Lying for months—how many?—on a wooden plank, his mattress, Mandelstam wonders if he is dead or still alive.

After the first month he stopped counting.

Less ill than he, his neighbours might let him know if he is still alive.

But typhus is decimating the camp.

Three out of four deportees are stricken.

The opening passages offer a clear, unsentimental portrait of a man who knows his end is near. Unable to speak, beyond hunger, he listens to his struggling heart. His conscious thoughts are vaguely aware of the present, but more often tangled in the past. His nightmares and hallucinations are dominated by the figure of Joseph Stalin who stalks, taunts, and berates him, echoing, in the process, some of the regrets and doubts that may have plagued the dying poet himself. In our dreams, the monsters we face reflect our own fears. Two lines from (the original version of) Mandelstam’s infamous satirical poem known as the “Stalin Epigram”—All we hear is the Kremlin mountaineer / The murderer and the peasant slayer—form a kind of subconscious refrain that surfaces throughout the book.

The poet on his meagre deathbed serves as the fulcrum around which the narrative turns, reaching back into his earlier life and, on occasion looking ahead, years beyond his death. As expected, the story that emerges is a sombre one, a tale of exile, poverty and disgrace into which threads drawn from the lives of Mandelstam’s fellow poets and his fellow transit camp prisoners are woven. Carefully chosen vignettes, repeated images—worn-out coat, moth-eaten blanket, boots made from old luggage—together with the choice of present tense and a strong poetic sensibility combine to create a moving tribute to a man who held to poetry and his principles in the face of unspeakable cruelty.

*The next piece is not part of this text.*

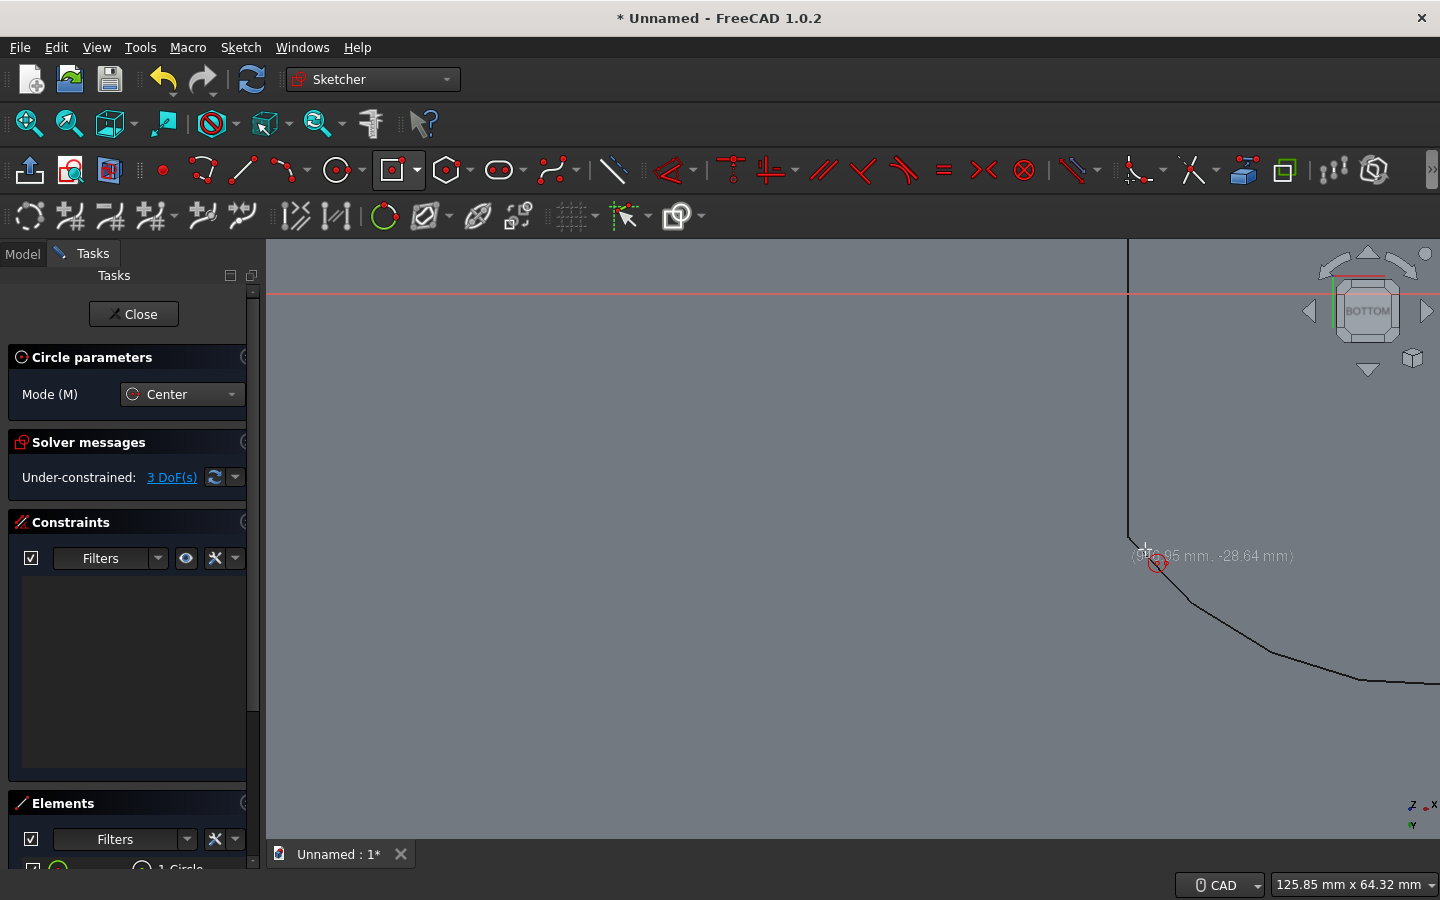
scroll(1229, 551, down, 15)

As the narrative moves between the dying poet’s thoughts and delusions and moments from his past, Khoury-Ghata sketches scenes punctuated by strong images. The years Mandelstam and his wife spent in Voronezh after he was banned from Moscow in 1934, are especially poignant. There they share a noisy communal apartment with several families; to find creative space Mandelstam takes to the icy streets:

The sound of the poem composed in the dark the same as that of his shoes crunching in the snow. A suctioning sound, the cold and the words are sucking his energy.

He returns exhausted from his wanderings, and joins Nadezhda under their moth-eaten blanket, reciting the poem written in his head. Nadezhda collects the words like breadcrumbs from a feast, transcribes them, waits for daylight to distribute them among the trustworthy.

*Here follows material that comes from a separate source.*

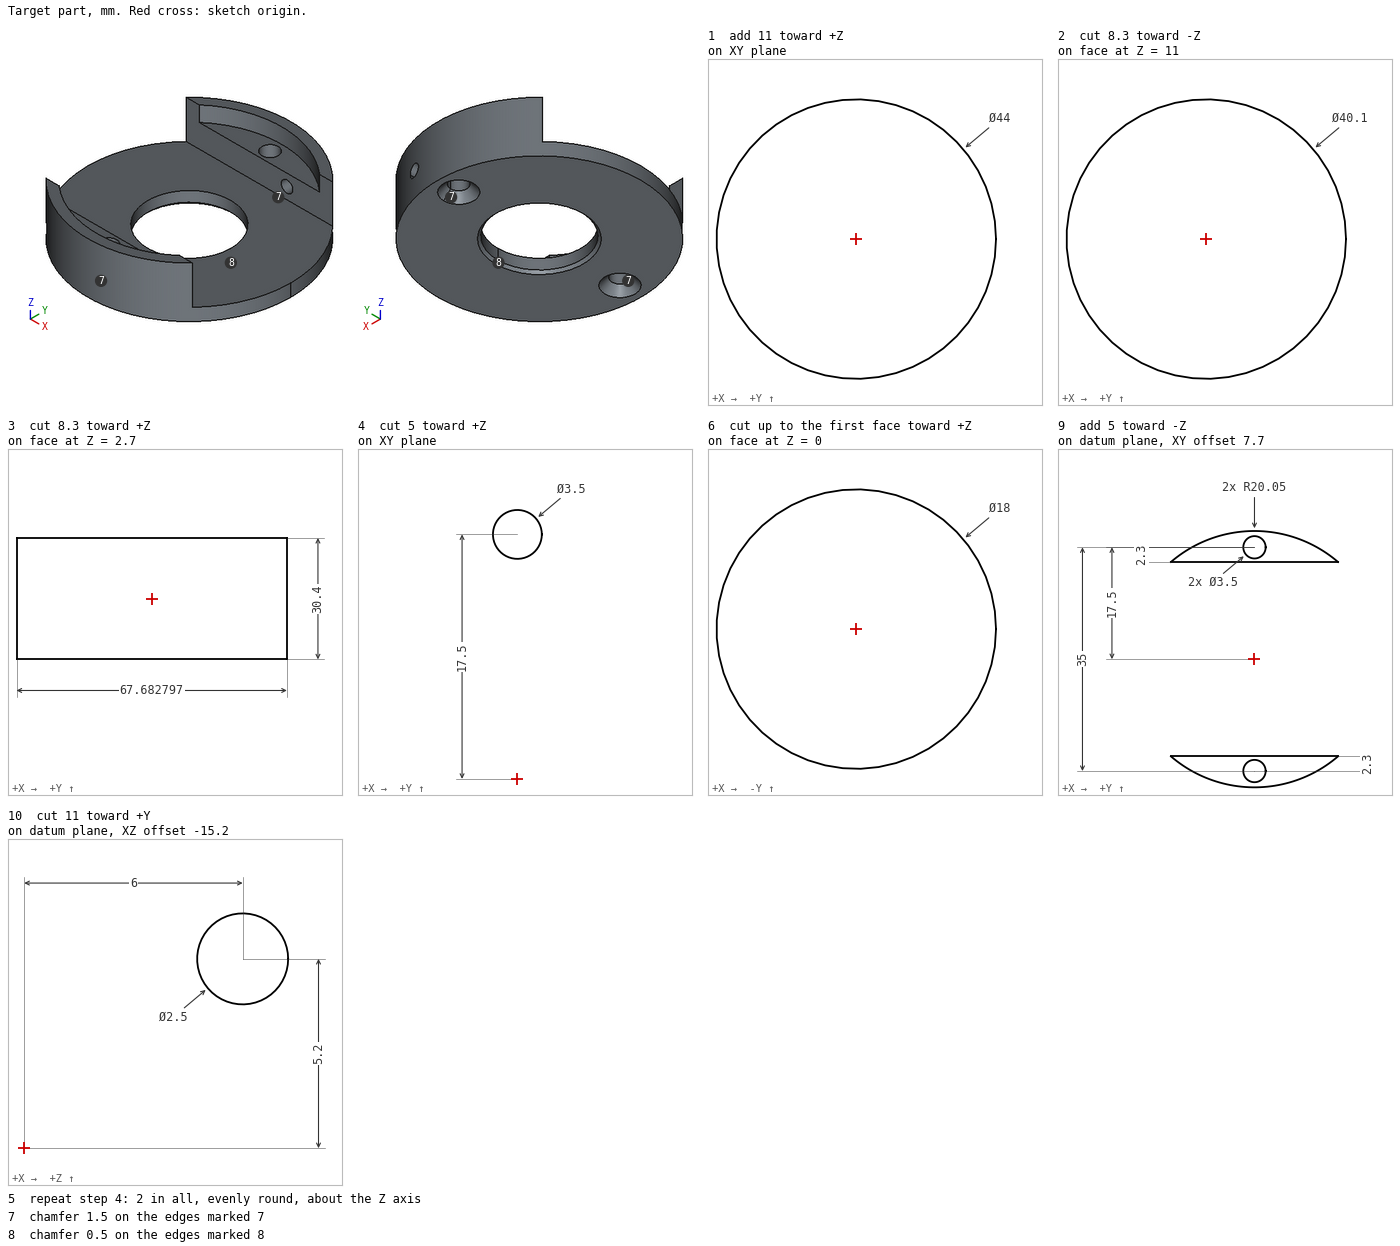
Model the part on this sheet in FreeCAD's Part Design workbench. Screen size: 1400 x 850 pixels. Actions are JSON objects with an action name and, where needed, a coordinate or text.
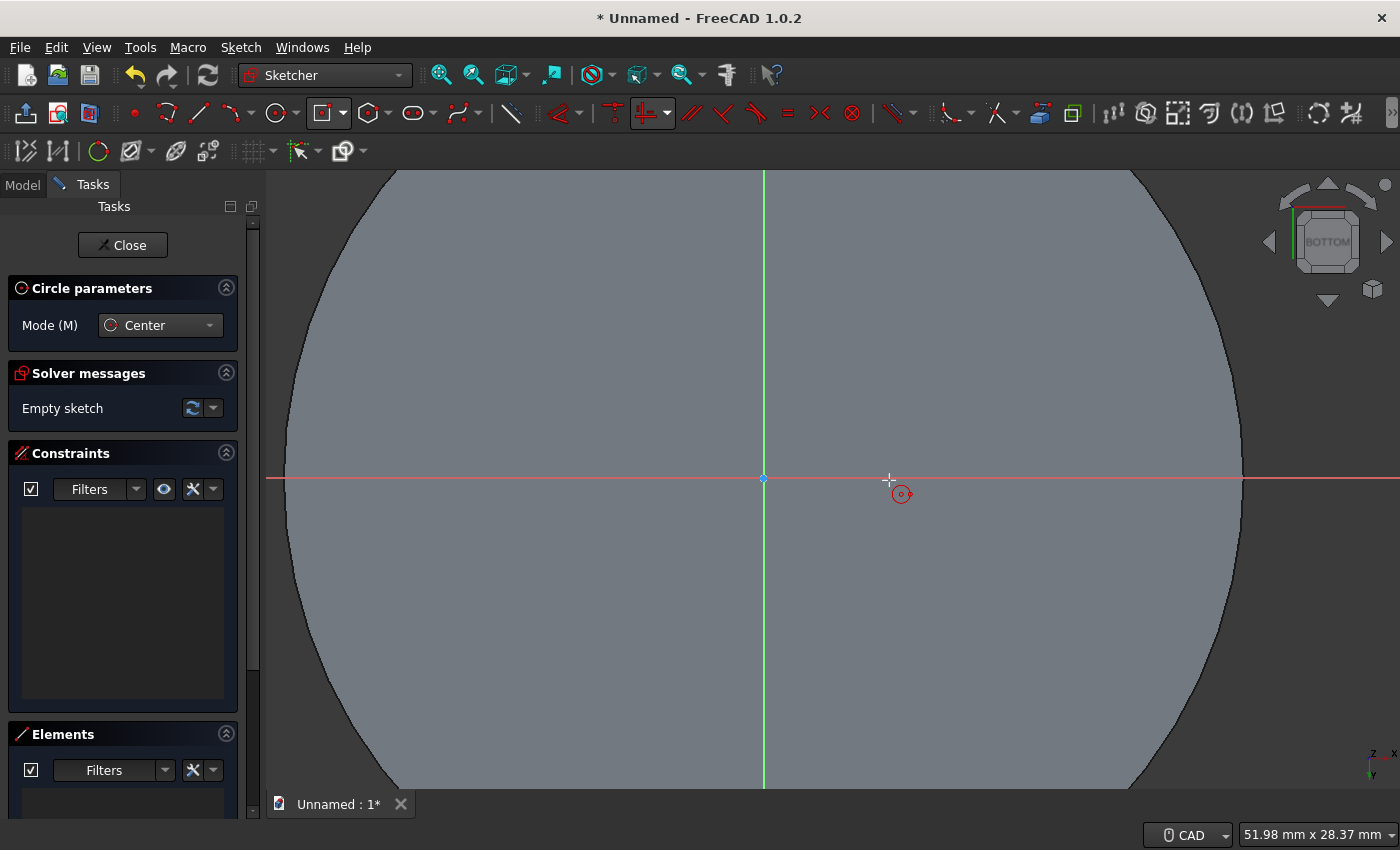
{"action": "left_click", "coordinate": [764, 478]}
{"action": "left_click", "coordinate": [903, 339]}
{"action": "key", "text": "Escape"}

Poetry is, of course, the crime that sentences Mandelstam to his fate. Poetry is his weapon against Stalin. As such, fragments from his poems and from Nadezhda’s memoir are incorporated into the text. Anna Akhmatova, Marina Tsvetaeva, and, as a later admirer, Paul Celan also make poetic contributions. Countless artists and intellectuals faced similar persecution under the regime, but this is a story about the power of the poem.

The Last Days of Mandelstam is, for its difficult material, a finely rendered work. Neither morbid nor maudlin, it holds to a tight emotional course as the narrative repeatedly laps at the shore of Mandelstam’s death—imagined, dreamed and finally realized—a quiet passing likely unnoticed for a time. The dramatic energy is sustained, the sparseness of the account gives the sorrow breathing room, and, in the end, Mandelstam’s troubled life is granted the dignity it deserves. A sad, but beautiful book. One that makes you want to return to his poetry, to allow him to continue to live for you again and again.

The Last Days of Mandelstam by Vénus Khoury-Ghata is translated by Teresa Lavender Fagan and published by Seagull Books.